The microchip designed to simultaneously quantify a panel of secreted, cytoplasmic and membrane proteins from single cells will be discussed at the beginning, which is the prototype for subsequent proteomic microchips with more sophisticated design in preclinical cancer research or clinical applications. The SCBCs are a highly versatile and information rich tool for single-cell functional proteomics. They are based upon isolating individual cells, or defined number of cells, within microchambers, each of which is equipped with a large antibody microarray (the barcode), with between a few hundred to ten thousand microchambers included within a single microchip. Functional proteomics assays at single-cell resolution yield unique pieces of information that significantly shape the way of thinking on cancer research. An in-depth discussion about analysis and interpretation of the unique information such as functional protein fluctuations and protein-protein correlative interactions will follow.
The SCBC is a powerful tool to resolve the functional heterogeneity of cancer cells. It has the capacity to extract a comprehensive picture of the signal transduction network from single tumor cells and thus provides insight into the effect of targeted therapies on protein signaling networks. We will demonstrate this point through applying the SCBCs to investigate three isogenic cell lines of glioblastoma multiforme (GBM).
The cancer cell population is highly heterogeneous with high-amplitude fluctuation at the single cell level, which in turn grants the robustness of the entire population. The concept that a stable population existing in the presence of random fluctuations is reminiscent of many physical systems that are successfully understood using statistical physics. Thus, tools derived from that field can probably be applied to using fluctuations to determine the nature of signaling networks. In the second part of the thesis, we will focus on such a case to use thermodynamics-motivated principles to understand cancer cell hypoxia, where single cell proteomics assays coupled with a quantitative version of Le Chatelier's principle derived from statistical mechanics yield detailed and surprising predictions, which were found to be correct in both cell line and primary tumor model.
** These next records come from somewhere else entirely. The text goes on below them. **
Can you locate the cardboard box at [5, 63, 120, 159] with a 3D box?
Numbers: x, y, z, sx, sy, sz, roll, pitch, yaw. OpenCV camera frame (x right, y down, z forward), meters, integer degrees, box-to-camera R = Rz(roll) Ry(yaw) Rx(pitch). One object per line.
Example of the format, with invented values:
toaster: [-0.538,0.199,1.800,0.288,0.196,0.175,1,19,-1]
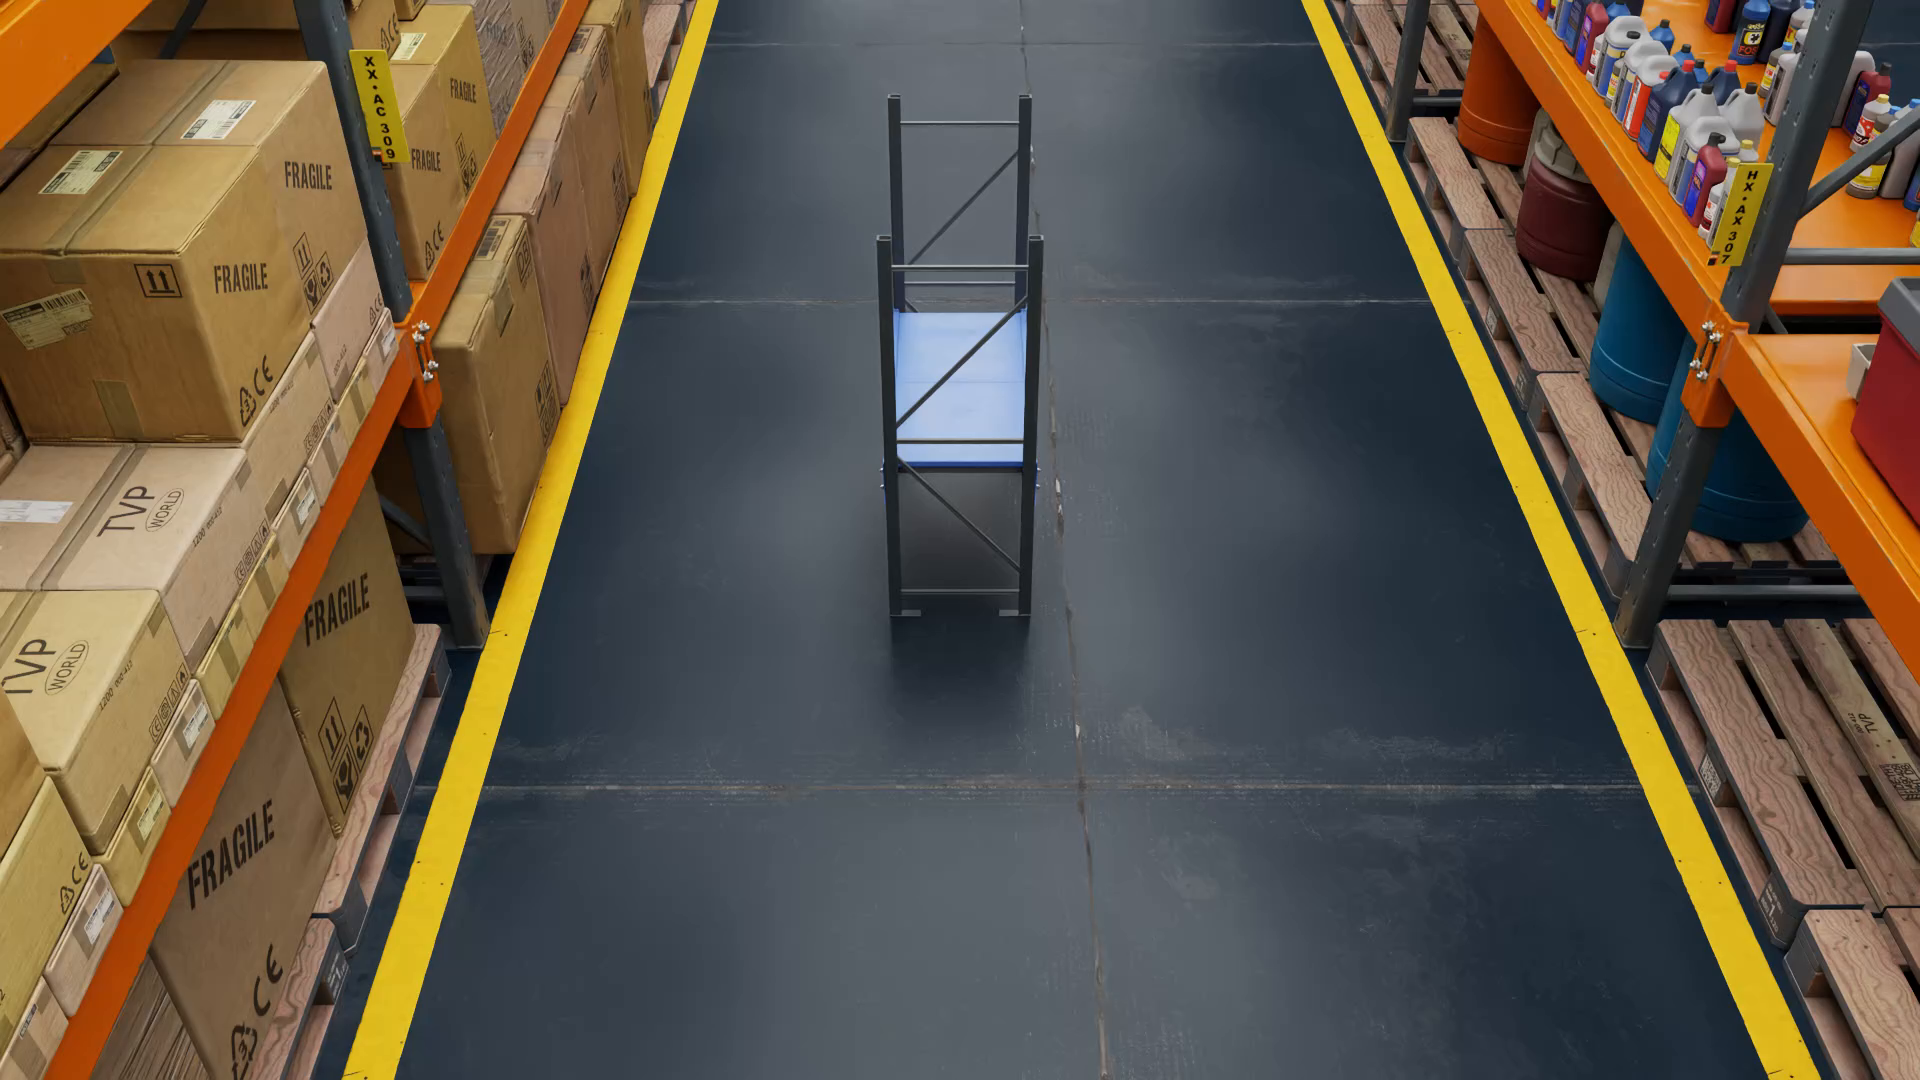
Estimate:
cardboard box: [-2.409,-0.874,4.224,0.500,0.500,0.500,0,39,0]

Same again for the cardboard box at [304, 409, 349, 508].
cardboard box: [-1.825,-0.213,4.318,0.380,0.149,0.250,-1,39,-1]

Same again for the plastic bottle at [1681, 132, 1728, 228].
plastic bottle: [2.430,-1.172,5.407,0.061,0.283,0.133,0,39,0]

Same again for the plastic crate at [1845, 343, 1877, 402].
plastic crate: [2.657,-0.456,4.583,0.396,0.136,0.243,0,39,0]

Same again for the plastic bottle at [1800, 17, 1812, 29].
plastic bottle: [3.206,-1.863,6.279,0.097,0.271,0.097,0,39,0]

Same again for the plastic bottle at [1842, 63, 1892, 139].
plastic bottle: [3.225,-1.566,5.899,0.061,0.283,0.133,0,39,0]

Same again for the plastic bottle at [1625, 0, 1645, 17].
plastic bottle: [2.622,-2.155,6.580,0.144,0.351,0.185,0,39,0]

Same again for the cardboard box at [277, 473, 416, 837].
cardboard box: [-2.233,0.255,4.896,0.875,0.875,0.875,0,39,0]

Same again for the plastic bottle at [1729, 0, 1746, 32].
plastic bottle: [3.182,-2.242,6.688,0.144,0.351,0.185,0,39,0]

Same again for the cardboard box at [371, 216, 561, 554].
cardboard box: [-2.174,-0.558,5.911,1.225,0.875,0.875,0,39,0]

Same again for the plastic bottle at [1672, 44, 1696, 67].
plastic bottle: [2.599,-1.662,6.029,0.097,0.271,0.097,0,39,0]

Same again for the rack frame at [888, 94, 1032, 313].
rack frame: [-0.001,-0.956,6.244,0.500,1.500,0.032,0,39,0]

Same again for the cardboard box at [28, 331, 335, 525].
cardboard box: [-1.887,-0.281,4.084,0.500,0.250,0.500,1,39,1]

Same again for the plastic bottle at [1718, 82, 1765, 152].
plastic bottle: [2.615,-1.382,5.615,0.144,0.351,0.185,0,39,0]

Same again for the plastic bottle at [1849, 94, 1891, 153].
plastic bottle: [3.207,-1.462,5.834,0.097,0.201,0.097,0,39,0]

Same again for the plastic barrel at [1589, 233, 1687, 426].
plastic barrel: [2.815,-0.955,6.385,0.600,0.901,0.708,0,39,0]

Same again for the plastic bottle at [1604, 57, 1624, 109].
plastic bottle: [2.447,-1.696,6.126,0.097,0.201,0.097,0,39,0]

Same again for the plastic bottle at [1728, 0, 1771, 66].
plastic bottle: [3.061,-1.984,6.430,0.097,0.271,0.097,0,39,0]

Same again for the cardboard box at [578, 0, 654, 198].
cardboard box: [-2.178,-2.228,7.994,1.225,0.875,0.875,-2,39,-2]

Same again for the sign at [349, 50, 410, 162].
sign: [-1.598,-1.193,4.585,0.100,0.325,0.005,0,39,0]

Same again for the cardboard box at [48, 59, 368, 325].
cardboard box: [-1.886,-0.886,4.239,0.500,0.500,0.500,1,39,1]

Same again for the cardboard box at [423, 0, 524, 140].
cardboard box: [-1.906,-1.777,5.989,0.500,0.500,0.500,-1,39,-1]

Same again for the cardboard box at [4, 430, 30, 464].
cardboard box: [-2.419,-0.276,4.077,0.500,0.250,0.500,0,39,0]

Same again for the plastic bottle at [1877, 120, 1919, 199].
plastic bottle: [3.180,-1.297,5.569,0.152,0.276,0.135,0,39,0]

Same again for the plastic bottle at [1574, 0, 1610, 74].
plastic bottle: [2.428,-1.945,6.372,0.061,0.283,0.133,0,39,0]

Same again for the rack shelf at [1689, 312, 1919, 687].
rack shelf: [2.802,0.705,3.547,1.077,0.370,4.000,0,39,0]

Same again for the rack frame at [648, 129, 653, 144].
rack frame: [-2.158,-3.324,8.000,1.000,3.000,0.127,0,39,0]

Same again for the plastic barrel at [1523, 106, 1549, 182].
plastic barrel: [2.902,-1.862,7.829,0.421,0.512,0.421,0,39,0]

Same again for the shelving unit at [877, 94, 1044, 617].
shelving unit: [0.000,-0.639,5.848,0.538,1.500,1.048,0,39,0]

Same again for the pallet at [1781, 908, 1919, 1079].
pallet: [2.843,1.486,4.227,1.003,0.211,1.213,0,39,0]

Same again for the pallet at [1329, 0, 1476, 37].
pallet: [2.834,-3.485,10.430,1.003,0.211,1.213,0,39,0]

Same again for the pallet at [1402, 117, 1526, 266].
pallet: [2.837,-1.747,8.261,1.003,0.211,1.213,0,39,0]

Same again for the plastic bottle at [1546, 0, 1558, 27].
plastic bottle: [2.446,-2.212,6.715,0.097,0.271,0.097,0,39,0]

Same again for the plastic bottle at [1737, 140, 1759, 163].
plastic bottle: [2.600,-1.236,5.552,0.097,0.201,0.097,0,39,0]

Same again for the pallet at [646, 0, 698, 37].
pallet: [-2.156,-3.486,10.431,1.003,0.211,1.213,0,39,0]

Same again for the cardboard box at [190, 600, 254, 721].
cardboard box: [-1.824,0.269,3.716,0.380,0.149,0.250,-1,39,-1]

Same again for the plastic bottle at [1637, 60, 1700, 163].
plastic bottle: [2.471,-1.498,5.759,0.144,0.351,0.185,0,39,0]

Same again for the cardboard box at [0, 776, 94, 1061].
cardboard box: [-1.884,0.681,2.883,0.500,0.250,0.500,-1,39,-2]

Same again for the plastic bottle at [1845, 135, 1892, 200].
plastic bottle: [3.055,-1.256,5.577,0.097,0.201,0.097,0,39,0]

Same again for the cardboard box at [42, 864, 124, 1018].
cardboard box: [-1.823,0.750,3.116,0.380,0.149,0.250,0,39,-1]

The third part of the thesis demonstrates the application of this technology in the preclinical cancer research to study the GBM cancer cell resistance to molecular targeted therapy. Physical approaches to anticipate therapy resistance and to identify effective therapy combinations will be discussed in detail. Our approach is based upon elucidating the signaling coordination within the phosphoprotein signaling pathways that are hyperactivated in human GBMs, and interrogating how that coordination responds to the perturbation of targeted inhibitor. Strongly coupled protein-protein interactions constitute most signaling cascades. A physical analogy of such a system is the strongly coupled atom-atom interactions in a crystal lattice. Similar to decomposing the atomic interactions into a series of independent normal vibrational modes, a simplified picture of signaling network coordination can also be achieved by diagonalizing protein-protein correlation or covariance matrices to decompose the pairwise correlative interactions into a set of distinct linear combinations of signaling proteins (i.e. independent signaling modes). By doing so, two independent signaling modes – one associated with mTOR signaling and a second associated with ERK/Src signaling have been resolved, which in turn allow us to anticipate resistance, and to design combination therapies that are effective, as well as identify those therapies and therapy combinations that will be ineffective. We validated our predictions in mouse tumor models and all predictions were borne out.
In the last part, some preliminary results about the clinical translation of single-cell proteomics chips will be presented. The successful demonstration of our work on human-derived xenografts provides the rationale to extend our current work into the clinic. It will enable us to interrogate GBM tumor samples in a way that could potentially yield a straightforward, rapid interpretation so that we can give therapeutic guidance to the attending physicians within a clinical relevant time scale. The technical challenges of the clinical translation will be presented and our solutions to address the challenges will be discussed as well. A clinical case study will then follow, where some preliminary data collected from a pediatric GBM patient bearing an EGFR amplified tumor will be presented to demonstrate the general protocol and the workflow of the proposed clinical studies.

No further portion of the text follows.